Chapter 18 hands you a route inventory. Eight Flask routes (Analytics, Playlist Manager form + AJAX, five Settings actions) with explicit edge cases: silent-coerce on invalid ?range=, playlist-source whitelist validation, two-step confirmation on destructive actions, X-CSRFToken header for AJAX. Chapter 18's review page commits Chapter 19 to pressure-test all of these.

The testing pyramid

Not every test costs the same. The testing pyramid is the standard heuristic for where to spend effort: lots of fast unit tests at the base, fewer integration tests in the middle, and very few end-to-end tests at the top. Each layer catches different problems with different costs.

Unit tests run in milliseconds. They verify pure functions in isolation -- no database, no network, no Flask app. The Music Time Machine has plenty of these: _format_month, _build_playlist_query, normalise_track, retry_with_backoff. When a unit test fails, the cause is usually obvious from the test name.
Integration tests run in tens of milliseconds. They verify components working together against real (but ephemeral) dependencies: in-memory SQLite for database queries, Flask's test client for routes. Slower than unit tests, but they catch SQL mistakes, schema assumptions, and request/response bugs that unit tests can't.
End-to-end tests run in seconds and break easily. They simulate full user workflows across OAuth, Spotify, and the database. Powerful but expensive: real API access, real network, brittle. This chapter keeps them minimal -- a quick manual smoke test for "does the whole app still work?" rather than automated coverage.

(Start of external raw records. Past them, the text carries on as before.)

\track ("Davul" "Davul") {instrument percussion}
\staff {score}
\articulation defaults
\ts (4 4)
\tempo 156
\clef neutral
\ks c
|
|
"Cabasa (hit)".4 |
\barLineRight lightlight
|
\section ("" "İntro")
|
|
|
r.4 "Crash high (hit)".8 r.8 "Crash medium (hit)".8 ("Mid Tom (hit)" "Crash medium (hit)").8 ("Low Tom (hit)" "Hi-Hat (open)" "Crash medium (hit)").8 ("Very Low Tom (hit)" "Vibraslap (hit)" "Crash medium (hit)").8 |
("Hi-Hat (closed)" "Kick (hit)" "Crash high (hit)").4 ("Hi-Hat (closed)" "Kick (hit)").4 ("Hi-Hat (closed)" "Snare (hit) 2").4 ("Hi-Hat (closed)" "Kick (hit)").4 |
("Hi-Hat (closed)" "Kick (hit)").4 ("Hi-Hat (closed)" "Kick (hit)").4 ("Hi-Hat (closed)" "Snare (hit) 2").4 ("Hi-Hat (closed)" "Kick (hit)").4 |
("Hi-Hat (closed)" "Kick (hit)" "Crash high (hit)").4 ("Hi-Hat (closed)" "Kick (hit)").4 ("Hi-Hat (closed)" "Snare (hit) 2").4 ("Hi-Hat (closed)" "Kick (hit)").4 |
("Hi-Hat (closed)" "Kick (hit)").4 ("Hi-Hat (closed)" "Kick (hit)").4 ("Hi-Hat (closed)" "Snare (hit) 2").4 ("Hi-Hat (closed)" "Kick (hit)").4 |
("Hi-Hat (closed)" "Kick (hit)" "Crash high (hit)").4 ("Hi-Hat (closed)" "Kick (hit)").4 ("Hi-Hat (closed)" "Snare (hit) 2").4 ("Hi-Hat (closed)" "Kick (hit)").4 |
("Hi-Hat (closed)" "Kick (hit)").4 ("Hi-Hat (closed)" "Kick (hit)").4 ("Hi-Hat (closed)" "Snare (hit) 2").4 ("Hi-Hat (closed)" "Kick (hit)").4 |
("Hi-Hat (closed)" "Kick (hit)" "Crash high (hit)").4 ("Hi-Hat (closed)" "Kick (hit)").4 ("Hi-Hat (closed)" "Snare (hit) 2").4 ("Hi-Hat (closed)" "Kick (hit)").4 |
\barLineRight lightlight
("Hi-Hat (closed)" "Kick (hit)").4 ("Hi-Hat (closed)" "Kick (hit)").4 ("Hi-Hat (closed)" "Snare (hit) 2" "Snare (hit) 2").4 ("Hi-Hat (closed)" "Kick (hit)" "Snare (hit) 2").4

The chapter focuses on the highest-return layers: unit and integration. Six of the eight sub-pages live there. The flask-routes sub-page is the integration-test centerpiece because Chapter 18's outbound commitment lands there. End-to-end stays out of scope.

How the chapter unfolds

You'll start by setting up pytest with a project structure that mirrors what Chapters 16-18 actually shipped (single-file app.py plus per-feature Chapter 16 scripts). Then unit tests on the pure-function helpers. Then mocking the Spotify boundary so tests don't need network access. Then in-memory SQLite for database queries. Then Flask's test client for the routes Chapter 18 built. Then time-dependent logic and coverage measurement. The review page locks in what carries forward to Chapter 20's deployment.

By the end, you'll have a suite that runs on every push, catches regressions before they reach production, and gives you a real answer to "how do you know your code works?"